Using several pseudo amino acid composition types and different machine learning algorithms to classify and predict archaeal phospholipases.

Phospholipases, as important lipolytic enzymes, have diverse industrial applications. Regarding the stability of extremophilic archaea's proteins in harsh conditions, analyses of unusual features of their proteins are significantly important for their utilization. This research was accomplished to in silico study of archaeal phospholipases' properties and to develop a pioneering method for distinguishing these enzymes from other archaeal enzymes via machine learning algorithms and Chou's pseudo-amino acid composition concept. The non-redundant sequences of archaeal phospholipases were collected.

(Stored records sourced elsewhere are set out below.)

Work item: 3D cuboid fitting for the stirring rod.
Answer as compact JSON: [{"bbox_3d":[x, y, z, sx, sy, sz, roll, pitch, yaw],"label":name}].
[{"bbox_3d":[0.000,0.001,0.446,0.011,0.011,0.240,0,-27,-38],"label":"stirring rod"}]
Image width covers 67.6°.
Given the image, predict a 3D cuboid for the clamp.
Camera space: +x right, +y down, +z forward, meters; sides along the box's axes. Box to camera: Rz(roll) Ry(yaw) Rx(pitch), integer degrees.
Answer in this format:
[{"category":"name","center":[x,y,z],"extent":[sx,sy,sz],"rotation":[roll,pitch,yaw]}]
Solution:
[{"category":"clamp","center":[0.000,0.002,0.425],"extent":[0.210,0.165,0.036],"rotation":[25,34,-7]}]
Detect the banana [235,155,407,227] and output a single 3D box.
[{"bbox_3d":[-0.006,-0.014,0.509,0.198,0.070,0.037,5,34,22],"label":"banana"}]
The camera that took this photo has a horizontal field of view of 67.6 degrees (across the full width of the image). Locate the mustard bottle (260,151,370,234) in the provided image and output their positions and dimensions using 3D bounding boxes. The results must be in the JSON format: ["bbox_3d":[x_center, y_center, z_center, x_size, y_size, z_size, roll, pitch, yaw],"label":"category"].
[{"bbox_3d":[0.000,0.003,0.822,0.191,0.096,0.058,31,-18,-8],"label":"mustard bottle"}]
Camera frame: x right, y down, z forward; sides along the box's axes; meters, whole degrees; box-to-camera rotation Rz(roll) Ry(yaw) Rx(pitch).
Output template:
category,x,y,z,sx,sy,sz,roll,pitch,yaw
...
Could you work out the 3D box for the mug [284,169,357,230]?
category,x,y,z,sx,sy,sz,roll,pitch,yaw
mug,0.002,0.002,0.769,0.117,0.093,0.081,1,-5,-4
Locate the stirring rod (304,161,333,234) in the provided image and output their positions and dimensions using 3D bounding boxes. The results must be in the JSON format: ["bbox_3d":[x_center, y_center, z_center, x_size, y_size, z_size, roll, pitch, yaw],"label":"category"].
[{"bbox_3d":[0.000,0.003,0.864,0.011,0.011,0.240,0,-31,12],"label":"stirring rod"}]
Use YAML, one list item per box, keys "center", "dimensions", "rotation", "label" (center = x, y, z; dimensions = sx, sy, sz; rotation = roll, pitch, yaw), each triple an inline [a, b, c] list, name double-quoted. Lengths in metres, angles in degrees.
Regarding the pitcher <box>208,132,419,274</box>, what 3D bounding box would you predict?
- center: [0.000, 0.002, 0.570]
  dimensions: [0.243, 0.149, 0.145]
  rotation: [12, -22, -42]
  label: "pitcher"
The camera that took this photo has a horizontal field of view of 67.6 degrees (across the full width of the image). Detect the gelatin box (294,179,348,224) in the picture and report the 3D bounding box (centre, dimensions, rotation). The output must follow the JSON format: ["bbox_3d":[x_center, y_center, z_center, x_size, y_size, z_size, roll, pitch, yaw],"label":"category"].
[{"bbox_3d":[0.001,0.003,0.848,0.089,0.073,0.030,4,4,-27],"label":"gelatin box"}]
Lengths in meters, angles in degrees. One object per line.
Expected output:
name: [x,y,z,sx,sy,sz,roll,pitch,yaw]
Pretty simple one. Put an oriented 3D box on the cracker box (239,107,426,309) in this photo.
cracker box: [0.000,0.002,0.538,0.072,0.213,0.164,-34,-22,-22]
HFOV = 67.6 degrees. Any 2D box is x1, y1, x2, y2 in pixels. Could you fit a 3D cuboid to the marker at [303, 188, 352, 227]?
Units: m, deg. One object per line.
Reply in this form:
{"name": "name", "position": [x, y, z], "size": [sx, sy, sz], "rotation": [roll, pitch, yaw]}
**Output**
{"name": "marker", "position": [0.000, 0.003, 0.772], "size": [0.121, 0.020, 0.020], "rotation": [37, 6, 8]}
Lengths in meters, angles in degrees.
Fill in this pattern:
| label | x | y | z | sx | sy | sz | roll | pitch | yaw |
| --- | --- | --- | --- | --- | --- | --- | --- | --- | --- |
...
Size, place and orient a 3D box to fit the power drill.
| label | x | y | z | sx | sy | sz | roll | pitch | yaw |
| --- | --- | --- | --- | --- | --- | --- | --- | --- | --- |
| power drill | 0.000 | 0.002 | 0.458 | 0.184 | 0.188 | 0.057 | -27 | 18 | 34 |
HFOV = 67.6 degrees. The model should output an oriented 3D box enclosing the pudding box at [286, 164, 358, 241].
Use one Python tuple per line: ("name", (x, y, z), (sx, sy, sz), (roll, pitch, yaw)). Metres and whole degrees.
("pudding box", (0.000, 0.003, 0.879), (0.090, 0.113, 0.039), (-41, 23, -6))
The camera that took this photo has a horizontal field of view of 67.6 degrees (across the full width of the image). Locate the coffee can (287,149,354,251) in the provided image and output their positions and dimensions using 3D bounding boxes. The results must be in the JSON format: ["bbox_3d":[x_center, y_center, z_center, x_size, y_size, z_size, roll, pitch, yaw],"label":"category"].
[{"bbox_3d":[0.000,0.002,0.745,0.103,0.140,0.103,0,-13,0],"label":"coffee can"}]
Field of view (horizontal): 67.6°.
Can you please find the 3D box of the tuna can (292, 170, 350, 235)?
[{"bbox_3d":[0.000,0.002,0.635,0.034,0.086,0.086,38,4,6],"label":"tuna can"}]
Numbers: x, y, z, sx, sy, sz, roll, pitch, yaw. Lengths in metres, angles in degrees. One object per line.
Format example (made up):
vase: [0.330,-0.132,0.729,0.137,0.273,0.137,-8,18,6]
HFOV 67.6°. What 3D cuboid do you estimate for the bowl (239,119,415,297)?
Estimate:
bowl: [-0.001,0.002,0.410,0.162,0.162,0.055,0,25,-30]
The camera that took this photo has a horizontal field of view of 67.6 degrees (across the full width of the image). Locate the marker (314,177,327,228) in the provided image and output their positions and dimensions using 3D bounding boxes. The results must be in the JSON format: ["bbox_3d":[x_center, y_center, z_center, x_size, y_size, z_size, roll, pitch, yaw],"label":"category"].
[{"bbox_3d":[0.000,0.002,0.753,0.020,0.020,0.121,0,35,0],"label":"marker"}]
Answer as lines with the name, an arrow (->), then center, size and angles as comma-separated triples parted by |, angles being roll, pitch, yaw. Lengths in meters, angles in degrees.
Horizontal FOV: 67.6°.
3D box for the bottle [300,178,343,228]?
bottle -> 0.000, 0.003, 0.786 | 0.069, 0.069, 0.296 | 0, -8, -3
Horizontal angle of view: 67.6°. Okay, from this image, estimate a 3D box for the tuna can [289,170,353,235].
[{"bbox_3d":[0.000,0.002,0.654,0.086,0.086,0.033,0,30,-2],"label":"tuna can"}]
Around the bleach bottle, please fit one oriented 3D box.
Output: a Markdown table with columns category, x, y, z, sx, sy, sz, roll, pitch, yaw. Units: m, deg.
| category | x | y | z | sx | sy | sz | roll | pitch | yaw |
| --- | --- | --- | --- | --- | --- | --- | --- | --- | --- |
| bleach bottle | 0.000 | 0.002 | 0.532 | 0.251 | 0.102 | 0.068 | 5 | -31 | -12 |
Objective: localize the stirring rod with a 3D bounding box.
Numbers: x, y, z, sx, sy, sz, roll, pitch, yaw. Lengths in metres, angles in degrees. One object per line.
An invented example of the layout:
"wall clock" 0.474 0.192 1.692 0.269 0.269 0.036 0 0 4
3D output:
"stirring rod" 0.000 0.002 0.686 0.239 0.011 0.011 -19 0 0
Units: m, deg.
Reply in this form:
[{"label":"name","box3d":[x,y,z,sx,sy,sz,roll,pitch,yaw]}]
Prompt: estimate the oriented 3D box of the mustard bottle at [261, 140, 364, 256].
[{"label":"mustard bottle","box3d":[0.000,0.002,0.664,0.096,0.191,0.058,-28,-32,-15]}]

BioSeq-Analysis sever was used with Support Vector Machine (SVM), Random Forests (RF), Covariance Discrimination (CD), and Optimized Evidence-Theoretic K-nearest Neighbor (OET-KNN) as powerful machine learnings algorithms. Also, different Chou's pseudo-amino acid composition modes were performed and then, 5-fold cross-validation was applied to the sequences. Based on our results, the OET-KNN predictor, with 96% accuracy, yields the best performance in SC-PseAAC mode by 5-fold cross-validation. This predictor also achieved very high values of specificity (95%), sensitivity (96%), Matthews's correlation coefficient (0.92), and accuracy (96%). The present investigation yielded a robust anticipatory model for the archaeal phospholipase prediction utilizing the tenets PseAAC and OET-KNN machine learning algorithm.